DATA FOR THE TASK:
--------------------------------
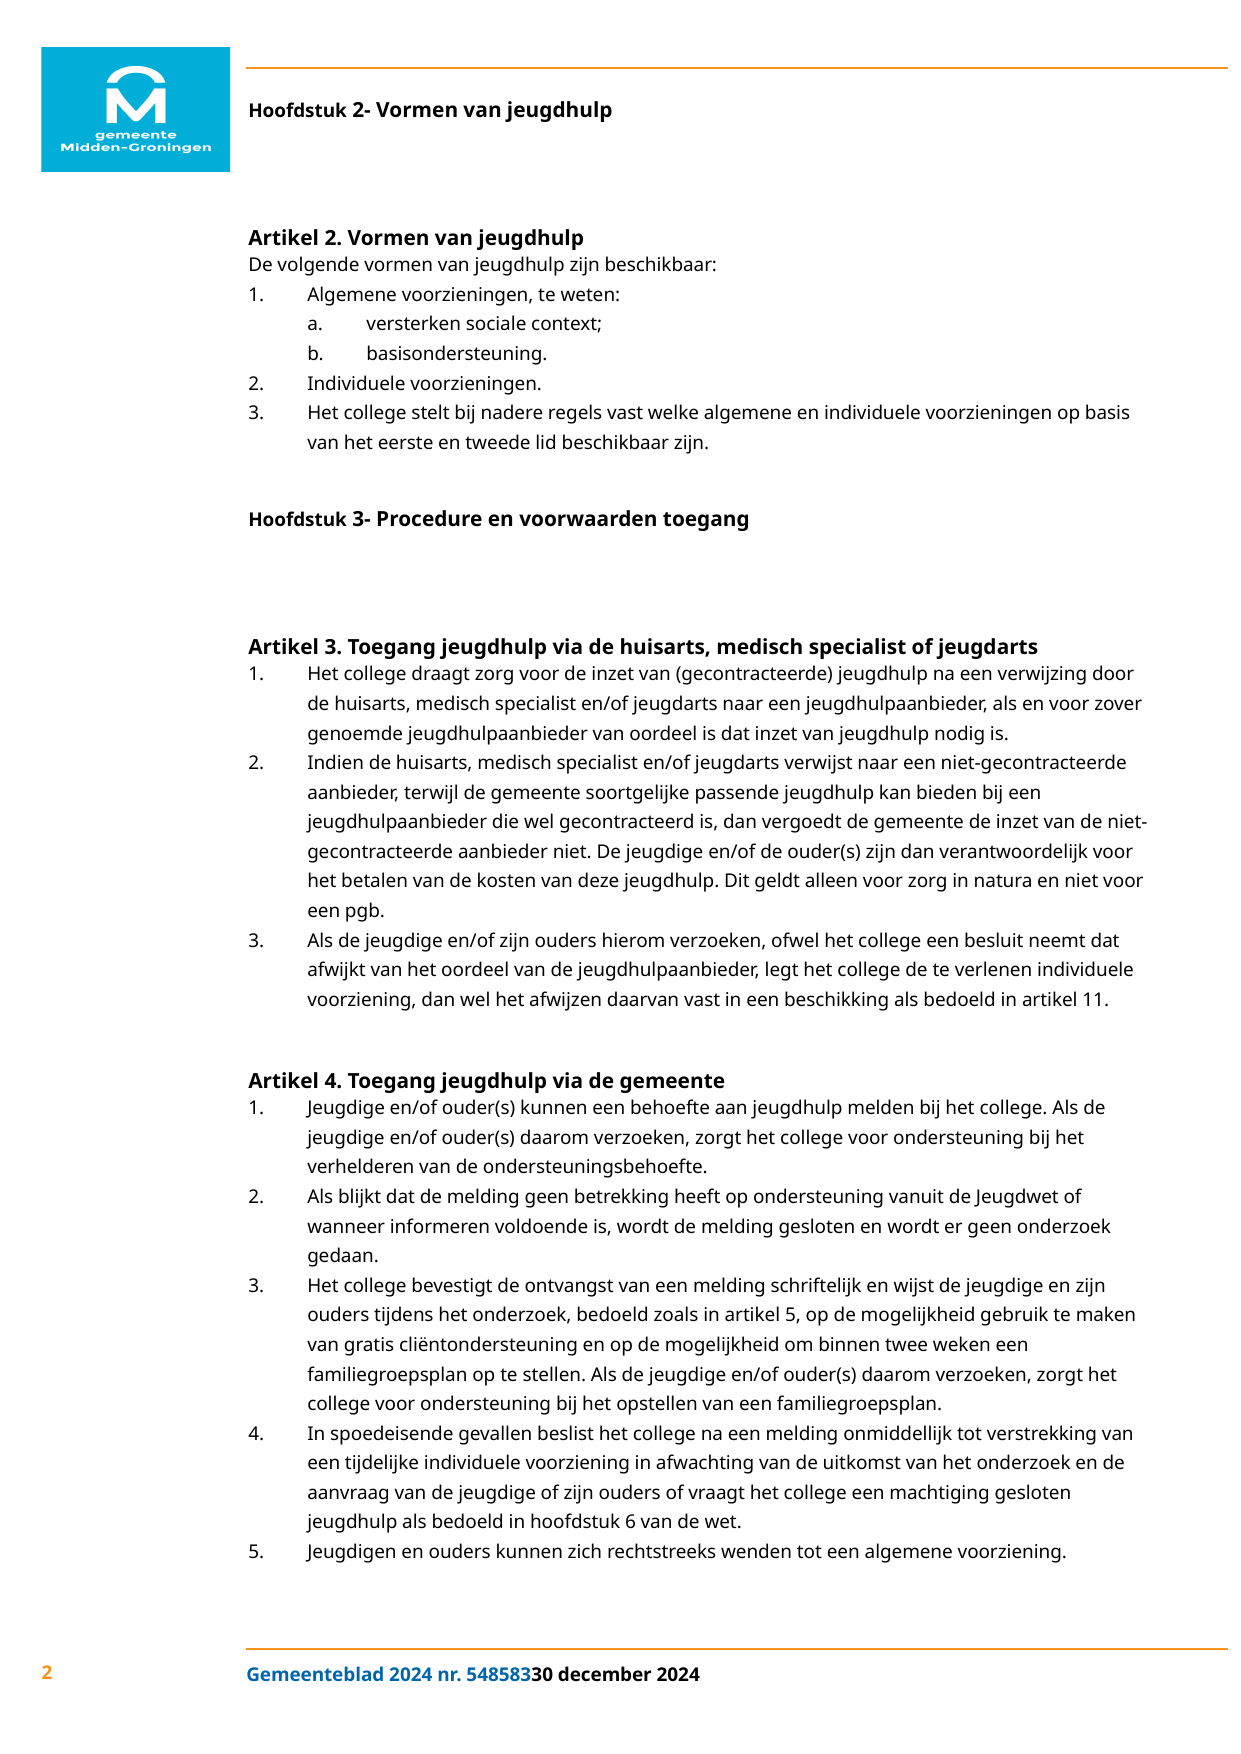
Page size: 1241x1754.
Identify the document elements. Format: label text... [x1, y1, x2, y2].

text De volgende vormen van jeugdhulp zijn beschikbaar: [248, 251, 1152, 277]
list Het college draagt zorg voor de inzet van (gecontracteerde) jeugdhulp na een verwijzing door de huisarts, medisch specialist en/of jeugdarts naar een jeugdhulpaanbieder, als en voor zover genoemde jeugdhulpaanbieder van oordeel is dat inzet van jeugdhulp nodig is. [248, 661, 1152, 746]
text Hoofdstuk 2- Vormen van jeugdhulp [248, 95, 1152, 123]
list Indien de huisarts, medisch specialist en/of jeugdarts verwijst naar een niet-gecontracteerde aanbieder, terwijl de gemeente soortgelijke passende jeugdhulp kan bieden bij een jeugdhulpaanbieder die wel gecontracteerd is, dan vergoedt de gemeente de inzet van de niet-gecontracteerde aanbieder niet. De jeugdige en/of de ouder(s) zijn dan verantwoordelijk voor het betalen van de kosten van deze jeugdhulp. Dit geldt alleen voor zorg in natura en niet voor een pgb. [248, 749, 1152, 923]
text Artikel 2. Vormen van jeugdhulp [248, 223, 1152, 251]
picture [108, 66, 164, 82]
list Jeugdigen en ouders kunnen zich rechtstreeks wenden tot een algemene voorziening. [248, 1538, 1152, 1564]
picture [107, 89, 165, 122]
list Individuele voorzieningen. [248, 370, 1152, 395]
list Algemene voorzieningen, te weten: [248, 281, 1152, 307]
text Artikel 4. Toegang jeugdhulp via de gemeente [248, 1066, 1152, 1094]
list versterken sociale context; [307, 311, 1152, 336]
list Als de jeugdige en/of zijn ouders hierom verzoeken, ofwel het college een besluit neemt dat afwijkt van het oordeel van de jeugdhulpaanbieder, legt het college de te verlenen individuele voorziening, dan wel het afwijzen daarvan vast in een beschikking als bedoeld in artikel 11. [248, 927, 1152, 1012]
text Artikel 3. Toegang jeugdhulp via de huisarts, medisch specialist of jeugdarts [248, 632, 1152, 661]
text Hoofdstuk 3- Procedure en voorwaarden toegang [248, 504, 1152, 532]
list Jeugdige en/of ouder(s) kunnen een behoefte aan jeugdhulp melden bij het college. Als de jeugdige en/of ouder(s) daarom verzoeken, zorgt het college voor ondersteuning bij het verhelderen van de ondersteuningsbehoefte. [248, 1094, 1152, 1179]
list Als blijkt dat de melding geen betrekking heeft op ondersteuning vanuit de Jeugdwet of wanneer informeren voldoende is, wordt de melding gesloten en wordt er geen onderzoek gedaan. [248, 1183, 1152, 1268]
picture [184, 146, 190, 153]
list In spoedeisende gevallen beslist het college na een melding onmiddellijk tot verstrekking van een tijdelijke individuele voorziening in afwachting van de uitkomst van het onderzoek en de aanvraag van de jeugdige of zijn ouders of vraagt het college een machtiging gesloten jeugdhulp als bedoeld in hoofdstuk 6 van de wet. [248, 1420, 1152, 1534]
list Het college bevestigt de ontvangst van een melding schriftelijk en wijst de jeugdige en zijn ouders tijdens het onderzoek, bedoeld zoals in artikel 5, op de mogelijkheid gebruik te maken van gratis cliëntondersteuning en op de mogelijkheid om binnen twee weken een familiegroepsplan op te stellen. Als de jeugdige en/of ouder(s) daarom verzoeken, zorgt het college voor ondersteuning bij het opstellen van een familiegroepsplan. [248, 1272, 1152, 1416]
list Het college stelt bij nadere regels vast welke algemene en individuele voorzieningen op basis van het eerste en tweede lid beschikbaar zijn. [248, 399, 1152, 454]
list basisondersteuning. [307, 340, 1152, 366]
--------------------------------
YOUR ASSIGNMENT: In the entries above, the lines between the one holding "list Het college draagt" and the one holding "text Hoofdstuk 2- Vormen", inclusive, are to be printed exactly as written, and those alone.

RESPONSE BELOW:
list Het college draagt zorg voor de inzet van (gecontracteerde) jeugdhulp na een verwijzing door de huisarts, medisch specialist en/of jeugdarts naar een jeugdhulpaanbieder, als en voor zover genoemde jeugdhulpaanbieder van oordeel is dat inzet van jeugdhulp nodig is. [248, 661, 1152, 746]
text Hoofdstuk 2- Vormen van jeugdhulp [248, 95, 1152, 123]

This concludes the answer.